This post first appeared as a guest article on AdExchanger.
In Will Luttrell’s AdExchanger article of last week, he argues that if the display advertising buy side adopts better performance metrics then the problem of fraud can be solved across display advertising.
It is our contention that Mr Luttrell is conflating two distinct problems across display advertising: (i) unscrupulous exploitation of broken performance metrics and (ii) fraudulent gaming of performance metrics.
In this article we will argue that no new set of performance metrics will prevent fraud. We will discuss how Google’s Ad Traffic Quality Team (formerly the Click Quality Team) has over time come to police Google’s search PPC ad exchange, namely AdWords. We will argue that display ad exchanges and other suppliers of display ad inventory (ad networks, supply-side platforms, etc.) should police the inventory they sell in much the same way. We will illustrate the surprising extent to which display ad exchanges and other suppliers of display ad inventory currently fail to police their inventory. We will also suggest an explanation of why this is so.
Display advertising fraud is pervasive
Fraud is endemic across today’s display advertising ecosystem. Mr Luttrell has estimated that 20–30% of display ad inventory is fraudulent. For an empirical counterpoint, the Chameleon botnet spanned all the major US ad exchanges at the time of disclosure and was driving enough fake traffic—on its own—to account for 30% of the display ad inventory sold through one of these major exchanges. The Chameleon botnet is not unique. For example, we will shortly be disclosing details of a second major botnet, with a distinct signature, targeting a distinct cluster of websites. Botnet traffic is also not just limited to fraudulent publishers. We have come to understand that the Chameleon botnet, for example, has supplied traffic both to the website of one of the most highly regarded US newspapers and also to the websites of one of the world’s largest online media companies.

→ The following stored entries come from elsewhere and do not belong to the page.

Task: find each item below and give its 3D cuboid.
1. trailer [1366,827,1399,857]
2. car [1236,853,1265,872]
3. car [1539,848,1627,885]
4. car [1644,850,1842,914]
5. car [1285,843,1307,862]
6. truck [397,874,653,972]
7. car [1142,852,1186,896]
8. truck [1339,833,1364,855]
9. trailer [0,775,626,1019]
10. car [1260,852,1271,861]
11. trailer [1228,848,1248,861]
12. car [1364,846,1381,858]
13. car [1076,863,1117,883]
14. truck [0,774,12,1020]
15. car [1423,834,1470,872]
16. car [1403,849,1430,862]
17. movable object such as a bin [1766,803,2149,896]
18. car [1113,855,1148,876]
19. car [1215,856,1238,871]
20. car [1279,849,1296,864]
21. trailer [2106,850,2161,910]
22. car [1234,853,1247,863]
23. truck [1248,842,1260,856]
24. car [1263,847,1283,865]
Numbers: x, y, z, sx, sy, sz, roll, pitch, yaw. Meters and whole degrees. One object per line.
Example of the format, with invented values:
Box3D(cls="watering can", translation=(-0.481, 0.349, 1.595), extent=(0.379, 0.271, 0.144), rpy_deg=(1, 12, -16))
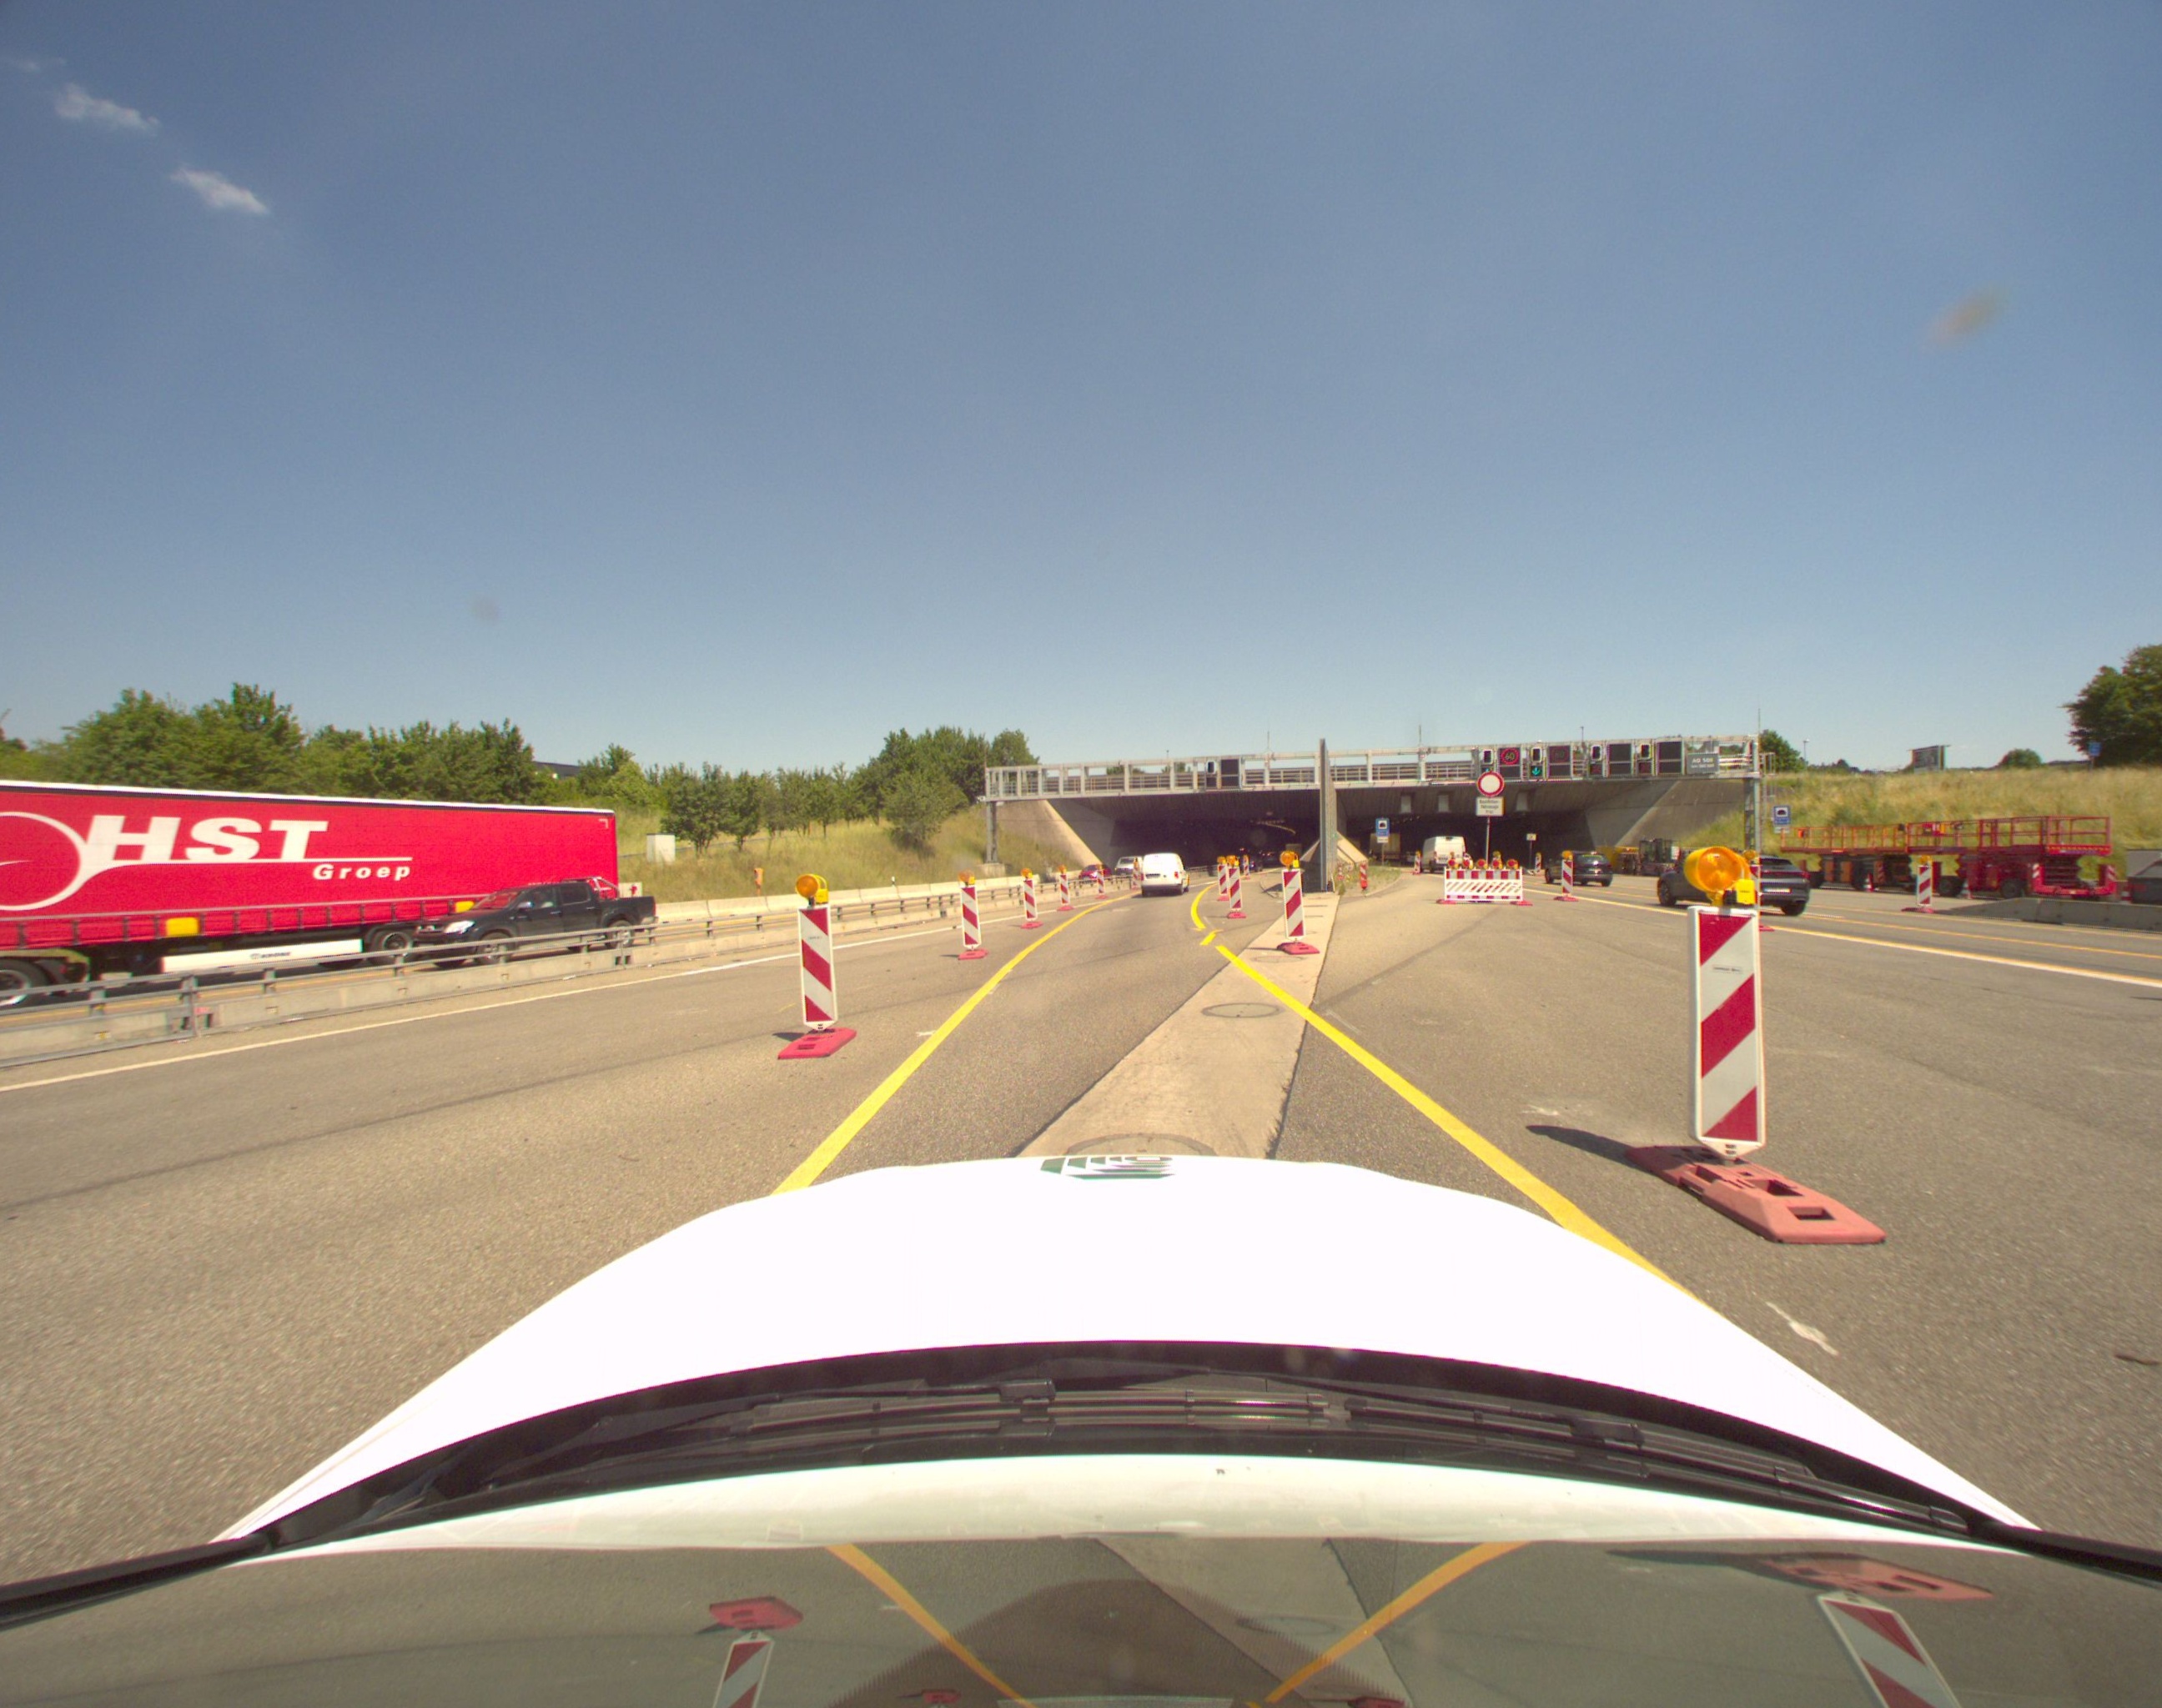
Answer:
Box3D(cls="trailer", translation=(43.885, -1.570, 118.873), extent=(2.714, 4.062, 14.143), rpy_deg=(0, 0, 13))
Box3D(cls="car", translation=(14.752, 0.722, 70.616), extent=(1.793, 1.537, 4.432), rpy_deg=(-2, -1, 20))
Box3D(cls="car", translation=(24.034, 0.582, 39.255), extent=(2.005, 1.662, 5.255), rpy_deg=(0, 0, 12))
Box3D(cls="car", translation=(17.133, 0.657, 21.439), extent=(1.982, 1.486, 4.690), rpy_deg=(0, 0, 9))
Box3D(cls="car", translation=(31.864, -0.159, 120.384), extent=(2.792, 2.773, 7.132), rpy_deg=(0, -1, 17))
Box3D(cls="truck", translation=(-13.243, 1.549, 19.831), extent=(1.976, 1.873, 4.787), rpy_deg=(-2, 0, 22))
Box3D(cls="car", translation=(3.634, 0.861, 35.967), extent=(1.800, 1.794, 3.736), rpy_deg=(-2, -1, 5))
Box3D(cls="truck", translation=(59.940, -2.112, 180.902), extent=(3.379, 4.335, 16.590), rpy_deg=(1, -1, 12))
Box3D(cls="trailer", translation=(-17.318, 0.747, 18.799), extent=(2.317, 4.102, 13.331), rpy_deg=(-2, -1, 22))
Box3D(cls="car", translation=(37.671, 0.519, 166.251), extent=(1.760, 1.577, 4.465), rpy_deg=(-4, -1, 16))
Box3D(cls="trailer", translation=(24.395, 0.066, 126.464), extent=(1.929, 1.805, 5.552), rpy_deg=(-4, -1, 22))
Box3D(cls="car", translation=(39.252, -0.257, 109.841), extent=(1.801, 1.642, 4.671), rpy_deg=(0, 0, 15))
Box3D(cls="car", translation=(1.246, 1.478, 64.917), extent=(1.672, 1.395, 4.023), rpy_deg=(-4, -2, 25))
Box3D(cls="truck", translation=(-20.055, 0.756, 11.804), extent=(2.314, 4.108, 5.043), rpy_deg=(-2, -1, 21))
Box3D(cls="car", translation=(26.043, -0.065, 58.207), extent=(2.248, 2.536, 6.614), rpy_deg=(0, 0, 17))
Box3D(cls="car", translation=(37.322, 0.180, 90.626), extent=(1.804, 1.464, 4.665), rpy_deg=(0, 0, 10))
Box3D(cls="movable object such as a bin", translation=(35.517, -0.096, 34.641), extent=(3.090, 3.011, 14.750), rpy_deg=(-2, -1, 12))
Box3D(cls="car", translation=(4.686, 1.070, 76.723), extent=(1.672, 1.834, 4.813), rpy_deg=(-4, -2, 22))
Box3D(cls="car", translation=(17.607, 1.148, 98.601), extent=(1.727, 1.593, 4.251), rpy_deg=(-4, -1, 23))
Box3D(cls="car", translation=(25.566, 0.335, 100.763), extent=(1.795, 1.751, 4.428), rpy_deg=(-2, -1, 16))
Box3D(cls="trailer", translation=(30.602, 0.687, 20.373), extent=(2.580, 1.569, 6.250), rpy_deg=(-2, 0, 8))
Box3D(cls="car", translation=(29.175, 0.725, 148.578), extent=(1.760, 1.666, 4.828), rpy_deg=(-4, -1, 16))
Box3D(cls="truck", translation=(50.564, -1.567, 238.122), extent=(2.789, 3.915, 6.481), rpy_deg=(-4, -1, 15))
Box3D(cls="car", translation=(20.388, 0.223, 86.565), extent=(1.795, 1.815, 4.428), rpy_deg=(-2, -1, 16))

If the online display advertising industry is to win over advertising spend from other advertising channels, like television, radio and search PPC, then the structural failures that currently allow fraud to be so pervasive across display advertising need to be tackled.
No new metrics will prevent display advertising fraud
Not only will no new performance metrics solve the problem of display advertising fraud. There is in fact no static solution to the problem of fraud across display advertising.
Mr Luttrell is correct in suggesting that today’s performance metrics are broken. spider.io has reported on the buying patterns of advertisers across select remnant eBay display ad inventory where the average viewability rate of this remnant ad inventory is 14%. spider.io has also reported on the buying patterns of advertisers across select Facebook apps where the average viewability rates are only marginally above 0%—made still worse because the ad impressions are auto-rotated every 30/45 seconds. Unfortunately this sort of behaviour is commonplace, though seldom discussed, with buyers often looking to intercept view-through CPA credit by cookie-bombing highly trafficked websites that are regularly revisited by users.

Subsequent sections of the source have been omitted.